You didn't provide mae function, but to run the code in njit mode you must also decorate mae function, or if it is a number pass it as an argument to the jitted function. 你没有提供mae函数,但是要在njit模式下运行代码,你还必须装饰mae函数,或者如果它是一个数字,则将它作为参数传递给jitted函数。

Other options 其他选择

Python scientific ecosystem is huge, I just mention some other equivalent options to speed up: Cython , Nuitka , Pythran , bottleneck and many others. Python科学生态系统是巨大的,我只提到了一些其他等效的选项来加速: CythonNuitkaPythranbottleneck和许多其他。 Perhaps you are interested in gpu computing , but this is actually another story. 也许你对gpu computing感兴趣,但这实际上是另一个故事。

Timings 计时

On my computer, unfortunately the old one, the timings are: 在我的电脑上,不幸的是旧的,时间是:

import numpy as np
import numexpr as ne

forecasted_array = np.random.rand(10000)
observed_array   = np.random.rand(10000)

initial version 初始版本

%timeit mb_r(forecasted_array, observed_array)
23.4 s ± 430 ms per loop (mean ± std. dev. of 7 runs, 1 loop each)

numexpr

%%timeit
forecasted_array2d = forecasted_array[:, np.newaxis]
ne.evaluate('sum(abs(forecasted_array2d - observed_array))')[()]
784 ms ± 11.4 ms per loop (mean ± std. dev. of 7 runs, 1 loop each)

broadcast version 广播版

%timeit mb_r_bcast(forecasted, observed)
1.47 s ± 4.13 ms per loop (mean ± std. dev. of 7 runs, 1 loop each)

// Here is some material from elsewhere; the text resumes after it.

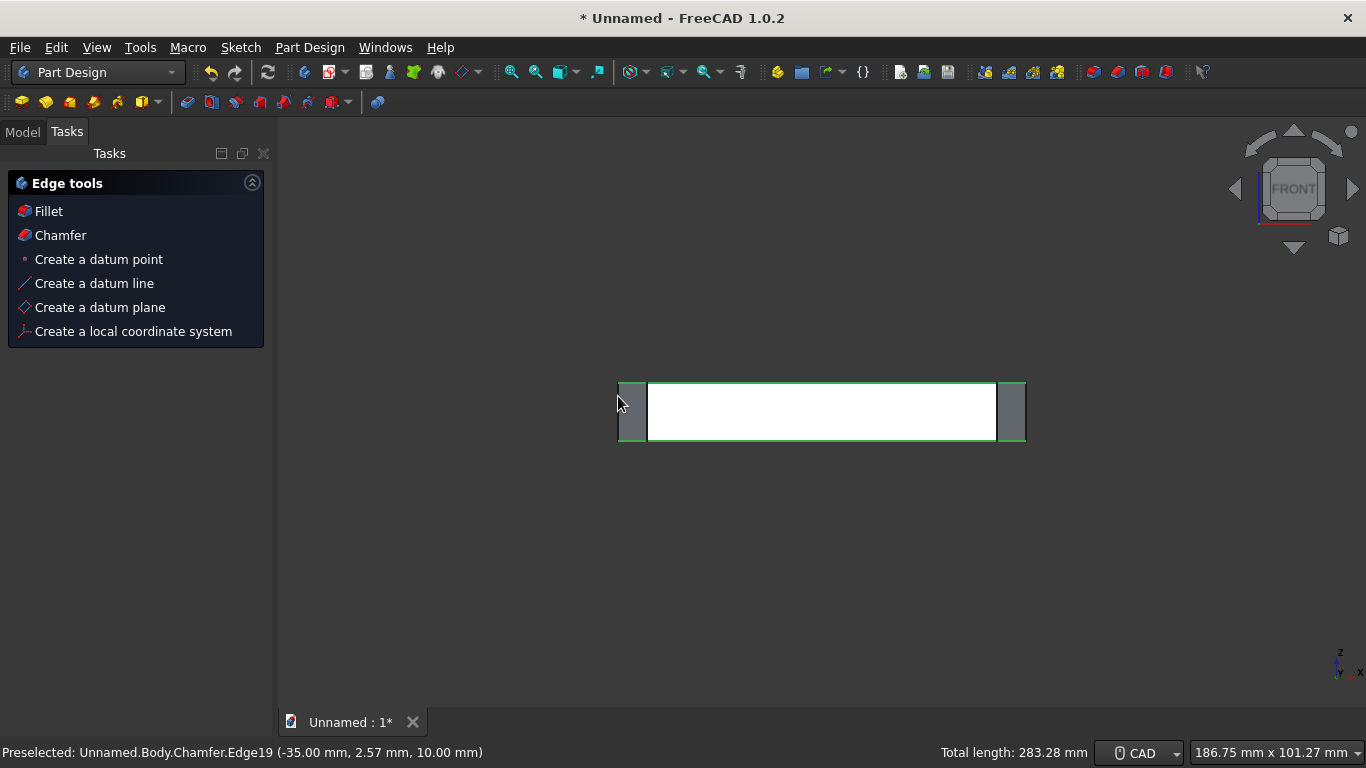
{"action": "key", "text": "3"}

inner loop unrolled version 内循环展开版

%timeit mb_r_unroll(forecasted, observed)
389 ms ± 11.5 ms per loop (mean ± std. dev. of 7 runs, 1 loop each)

numba njit(parallel=True) version numba njit(parallel=True)版本

%timeit mb_r_njit(forecasted_array, observed_array)
32 ms ± 4.05 ms per loop (mean ± std. dev. of 7 runs, 1 loop each)

It can be seen that njit approach is 730x faster then your initial solution, and also 24.5x faster than numexpr solution (maybe you need Intel's Vector Math Library to accelerate it). 由此可以看出, njit的做法是730X快那么你的初步解决方案,同时也24.5x速度比numexpr解决方案(也许你需要英特尔的矢量数学库,以加速它)。 Also simple approach with the inner loop unrolling gives you 60x speed up compared to your initial version. 内圈展开的简单方法与初始版本相比,速度提高了60倍。 My specs are: 我的规格是:

Intel(R) Core(TM)2 Quad CPU Q9550 2.83GHz 英特尔(R)酷睿(TM)2四核CPU Q9550 2.83GHz
Python 3.6.3 Python 3.6.3
numpy 1.13.3 numpy 1.13.3
numba 0.36.1 numba 0.36.1
numexpr 2.6.4 numexpr 2.6.4

Final Note 最后的说明

I was surprised by your phrase "I have heard (haven't yet tested) that indexing a numpy array using a python for loop is very slow." 我很惊讶你的短语“我听说过(还没有测试过)使用python for循环索引一个numpy数组非常慢。” So I test: 所以我测试:

arr = np.arange(1000)
ls = arr.tolistist()

%timeit for i in arr: pass
69.5 µs ± 282 ns per loop (mean ± std. dev. of 7 runs, 10000 loops each)

%timeit for i in ls: pass
13.3 µs ± 81.8 ns per loop (mean ± std. dev. of 7 runs, 100000 loops each)

%timeit for i in range(len(arr)): arr[i]
167 µs ± 997 ns per loop (mean ± std. dev. of 7 runs, 10000 loops each)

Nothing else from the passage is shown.